Note that patterns in Java before v1.7 cannot be made to work according to the way UTS#18 on Unicode Regular Expressions says they must. Because of this, you leave yourself open to a wide range of bugs, infelicities, and paradoxes if you do not use the new Unicode flag. For example, the trivial and common pattern \b\w+\b will not be found to match anywhere at all within the string "élève", let alone in its entirety.
Therefore, if you are using patterns in pre-1.7 Java, you need to be extremely careful, far more careful than anyone ever is. You cannot use any of the POSIX charclasses or charclass shortcuts, including \w, \s, and \b, all of which break on anything but stone-age ASCII data. They cannot be used on Java’s native character set.
In Java 7, they can — but only with the right flag.
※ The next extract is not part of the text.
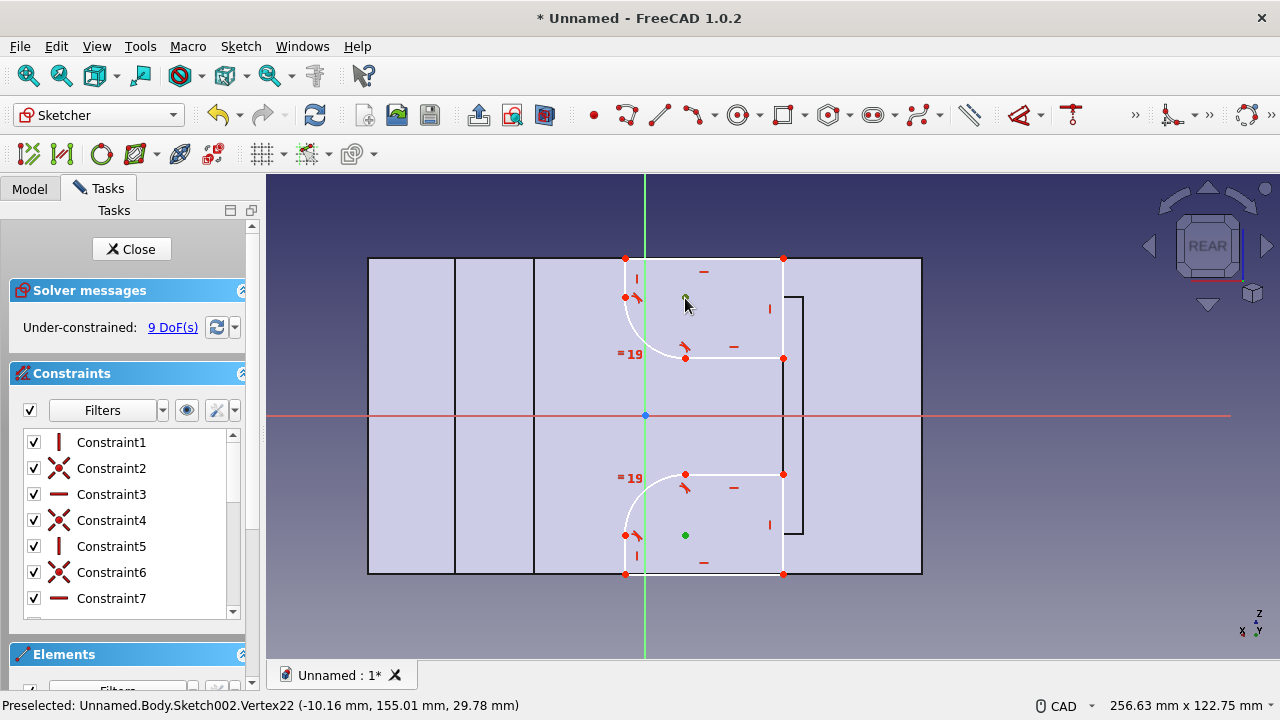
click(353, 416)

It is possible to refrase the description of needed regex to "contains at least one number" so the followind would work /.*[\pN].*/. Or, if you would like to limit your search to letters numbers and punctuation you shoud use /[\pL\pN\pP]*[\pN][\pL\pN\pP]*/. I've tested it on your examples and it works fine.
You can further refine your regexp by using lazy quantifiers like this /.*?[\pN].*?/. This way it would fail faster if there are no numbers.
I would like to recomend you a great book on regular expressions: Mastering regular expressions, it has a great introduction, in depth explanation of how regular expressions work and a chapter on regular expressions in java.
It looks like you just want to make sure that there are no spaces in the string. If so, you can this very simply:
return str.indexOf(" ") == -1;
This will return true if there are no spaces (valid by my understanding of your rules), and false if there is a space anywhere in the string (invalid).
Here is a partial answer, which does 0-9 and special characters OR 0-9.
^([\d]+|[\\/\-_]*)*$
This can be read as ((1 or more digits) OR (0 or more special char \ / - '_')) 0 or more times. It requires a digit, will take digits only, and will reject strings consisting of only special characters.
I used regex tester to test several of the strings.
Adding alphabetic characters seems easy, but a repetition of the given regexp may be required.